In 1906, when Rudolf Friml settled permanently in America, Bohuslav Martinů began his violin studies at the Prague Conservatoire. Like his older classmate, he was expelled from the school, and in fact on two occasions. The first expulsion was for public performing without permission (he was readmitted two weeks later), but two years after that he was expelled definitively “for incorrigible negligence”. He continued to develop as a self-taught composer, then in 1922 he began to study in the advanced course at the Prague Conservatoire under Josef Suk, and the following year he departed for Paris to study composition. He ended up staying there for 17 years, usually spending only the summer months in his birthplace Polička. The Nazi occupation of France in 1940 forced him to flee under dramatic circumstances and to immigrate to the USA. Martinů wrote his Piano Trio No. 3 in C major in three spring months of 1951 in New York, in the city where he was forced to live and create in spite of himself: “How often in the evening streets of New York did I ever repeatedly reinforce, reaffirm, and revive all that I considered to be values that must not be lost, if we were not to lose humanity itself. And believe me, those endless avenues and streets of New York are not exactly the best source of inspiration for these kinds of thoughts. They stifle you, entrap you, and you feel as if you cannot escape. […] You must keep going, ever forward, block after block, to eternity, and the farther you go, the more your thoughts and the uniform nature of your surroundings force you to go faster and faster, until you stop thinking and start counting blocks.” And it is the clash between those two worlds, the consciousness of the highest values in the midst of a uniform environment, that Martinů sets to music so masterfully in his supremely modern composition for piano trio.

Antonín Dvořák
Piano Trio No. 2 in G minor, Op. 26

The Prague Conservatoire cannot boast of having had Antonín Dvořák as a student because Dvořák graduated from Prague’s Organ School, but the conservatoire did hire him as a teacher. When the composer arrived at the conservatoire, he was nearly 50 years old and at the zenith of his career.

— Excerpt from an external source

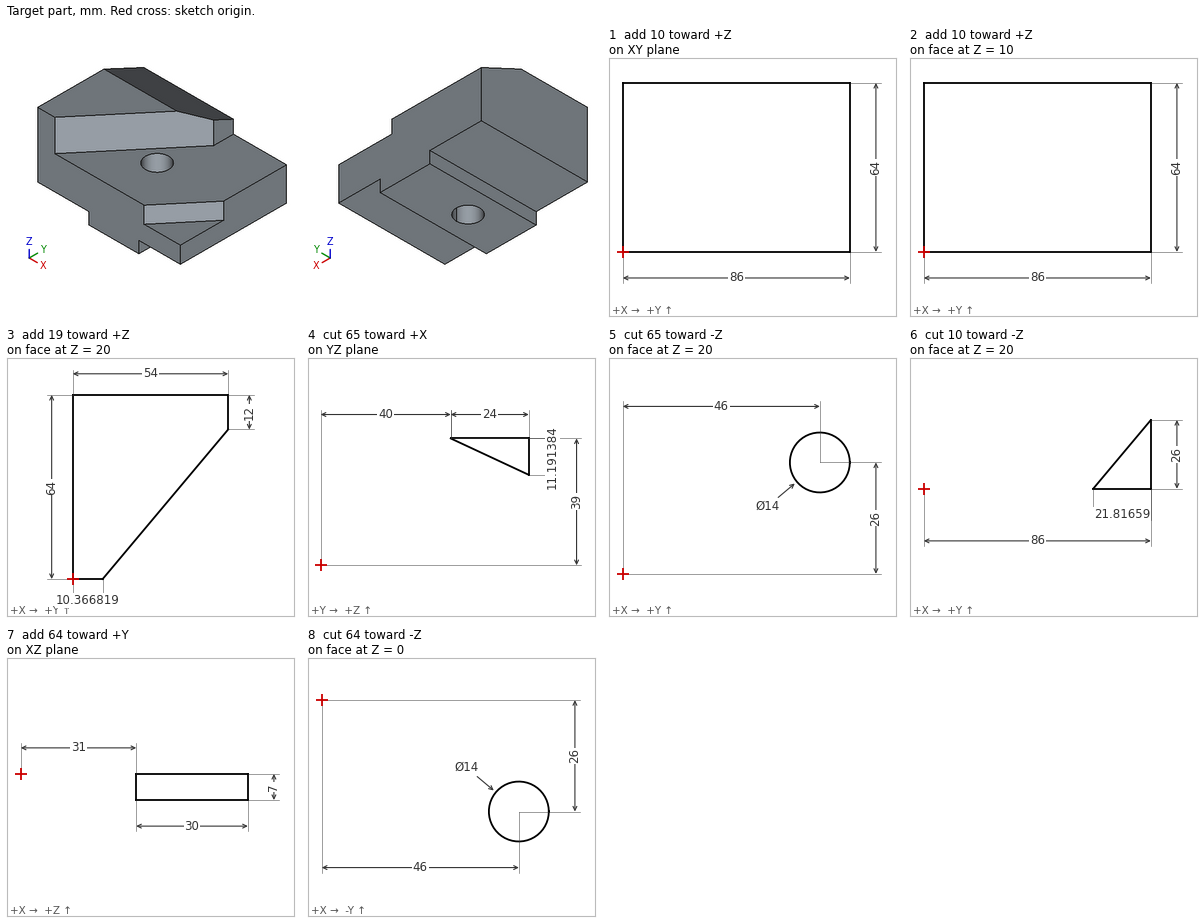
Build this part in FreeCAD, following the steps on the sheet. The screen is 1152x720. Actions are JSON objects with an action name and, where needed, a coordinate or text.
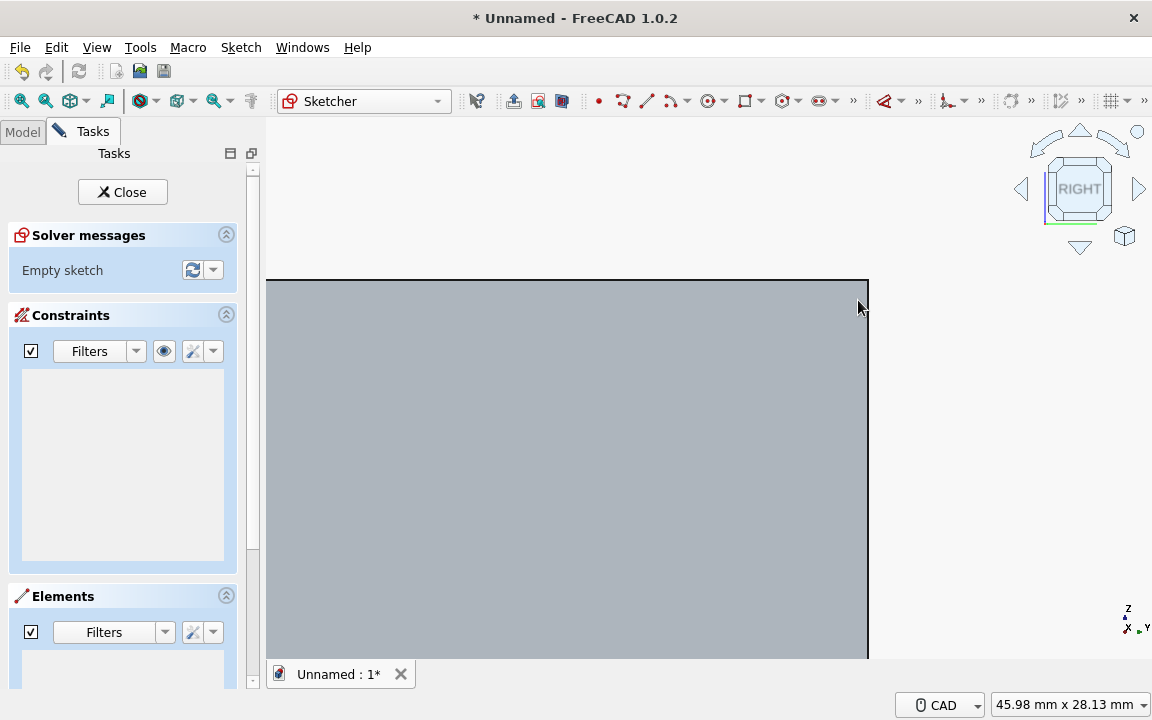
{"action": "left_click", "coordinate": [624, 102]}

He soon received another offer, which he accepted after much deliberation: the position of director of the National Conservatory of Music in New York. For this reason, Dvořák took a leave of absence from his Prague position from 1892 to 1895, after which he returned to teaching in Prague, and from 1901 until the end of his life he served simultaneously as the school’s director. Before departing for America, Dvořák gave a unique farewell concert tour that lasted nearly half a year. The programmes of the 40 concerts in Bohemian and Moravian towns consisted almost exclusively of Dvořák’s chamber music, most frequently featuring his piano trios played by Prague Conservatoire professors: violinist Ferdinand Lachner, cellist Hanuš Wihan, and the composer at the piano. In Dvořák’s oeuvre, there are four preserved piano trios. He wrote his second trio, the Piano Trio in G minor, Op. 26, in January 1876, less than a year after his first trio, from which it greatly differs. Dvořák was constantly driven headlong by his innate desire to discover, experiment, and solve difficult problems. A born melodist, Dvořák never suffered from an inadequate supply of tunes, but in this trio he was deliberately economical in using thematic material. No movement has more than two themes, and the second movement is in fact based on just a single theme, and yet there is still sufficient internal contrast. The Piano Trio in G minor was played on the farewell tour in several towns in Bohemia and Moravia. At a concert at the Rudolfinum (18 February 1892), it was performed by the three Prague Conservatoire professors as the opening work on the programme.